Source code for kingfisher_scrapy.spiders.uganda_releases
from kingfisher_scrapy.base_spiders import PeriodicSpider
from kingfisher_scrapy.util import get_parameter_value, parameters, replace_parameters
[docs]
class UgandaReleases(PeriodicSpider):
"""
Domain
Government Procurement Portal (GPP) - Public Procurement and Disposal of Public Assets Authority (PPDA)
Spider arguments
from_date
Download only data from this year onward (YYYY format).
If ``until_date`` is provided, defaults to '2019'.
The year refers to the start of the fiscal year range, e.g. if ``from_date`` = '2019' then the fiscal year is
'2019-2020'
until_date
Download only data until this year (YYYY format).
If ``from_date`` is provided, defaults to the current year.

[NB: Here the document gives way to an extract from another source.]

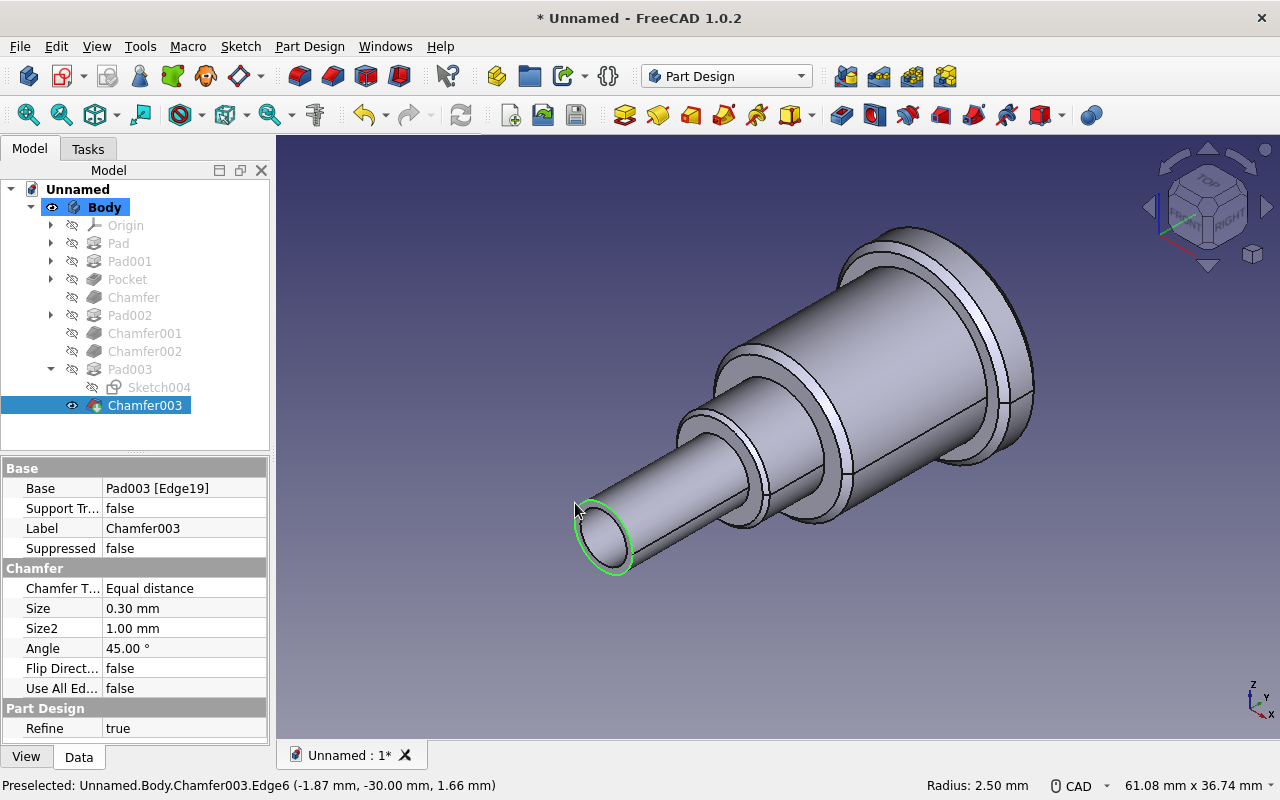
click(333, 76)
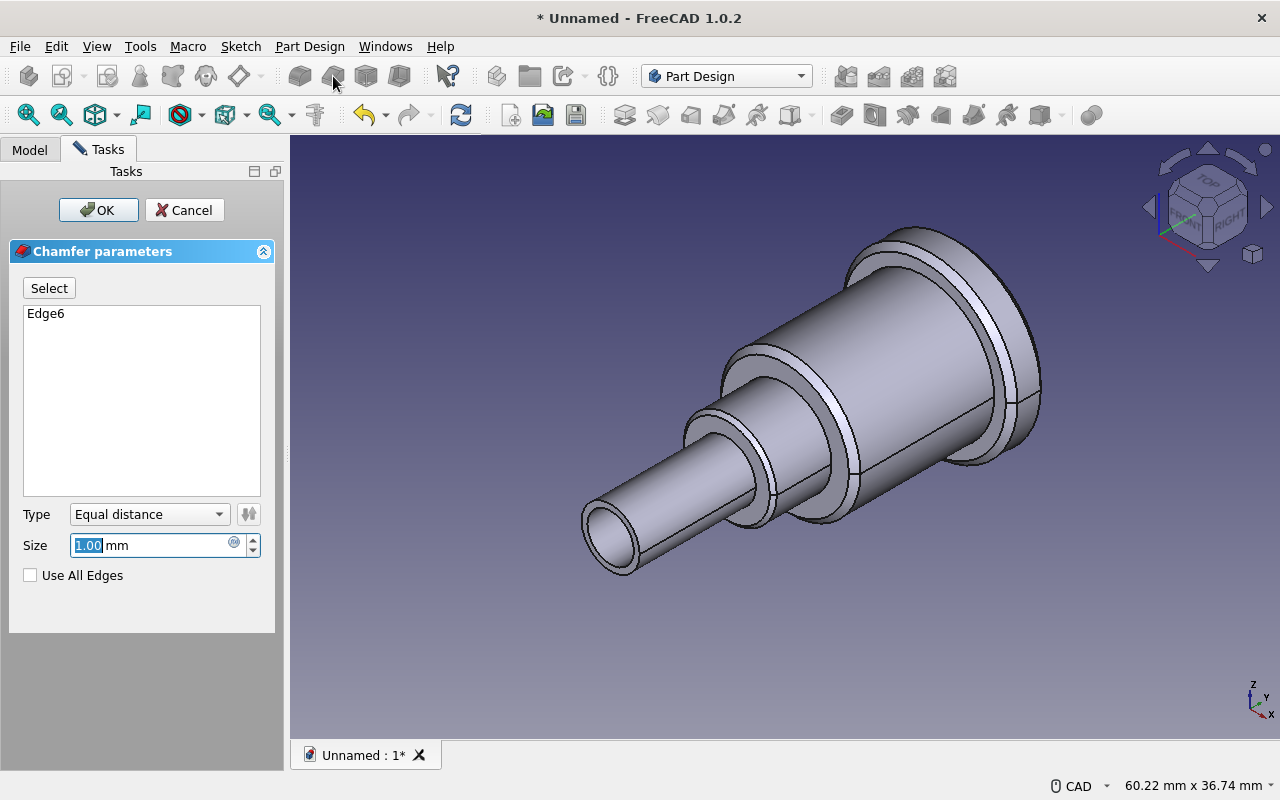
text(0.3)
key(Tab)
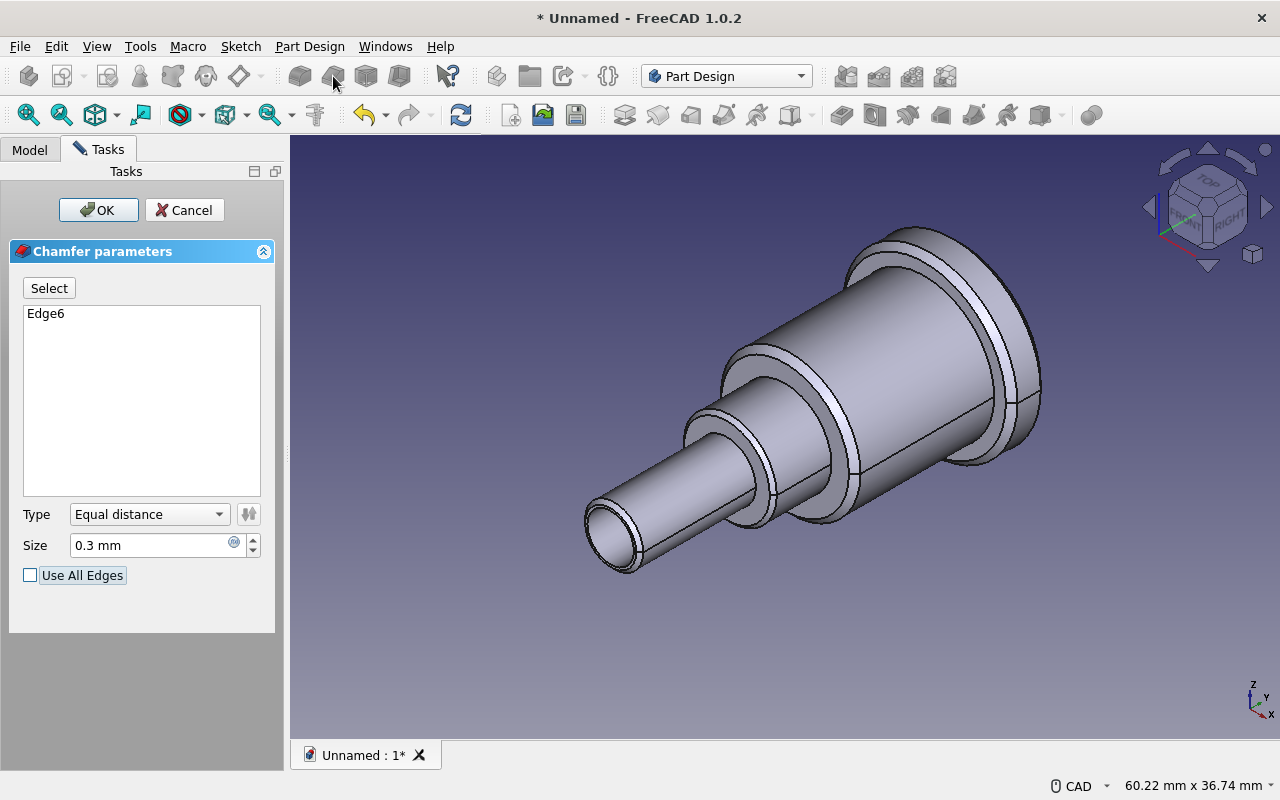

The year refers to the start of the fiscal year range, e.g. if ``until_date`` = '2019' then the fiscal year is
'2019-2020'
Bulk download documentation
https://gpp.ppda.go.ug/public/open-data/ocds/ocds-datasets
"""
name = "uganda_releases"
# https://gpp.ppda.go.ug/public/open-data/ocds/ocds-datasets generates URLs with JavaScript. We increment
# the 'code' parameter until it 404s. As such, we can't disambiguate expected from unexpected 404s.
handle_httpstatus_list = [404]
# Returns HTTP 403 if too many requests. (1 is too short.)
download_delay = 2
# BaseSpider
date_format = "year"
default_from_date = "2019"
# SimpleSpider
data_type = "release_package"
# PeriodicSpider
pattern = "https://cdn.ppda.go.ug/api/open-data/v2/ocds/download?fy={0}-{1}&format=json&code=1"
formatter = staticmethod(parameters("fy", "code"))
# PeriodicSpider
def build_urls(self, date):
yield self.pattern.format(date, date + 1)
# SimpleSpider
def parse(self, response):
# 404 responses indicate we've reached the end of the 'code' sequence for this fiscal year.
if response.status == 404:
return
yield from super().parse(response)
yield self.build_request(
replace_parameters(response.request.url, code=int(get_parameter_value(response.request.url, "code")) + 1),
formatter=self.formatter,
)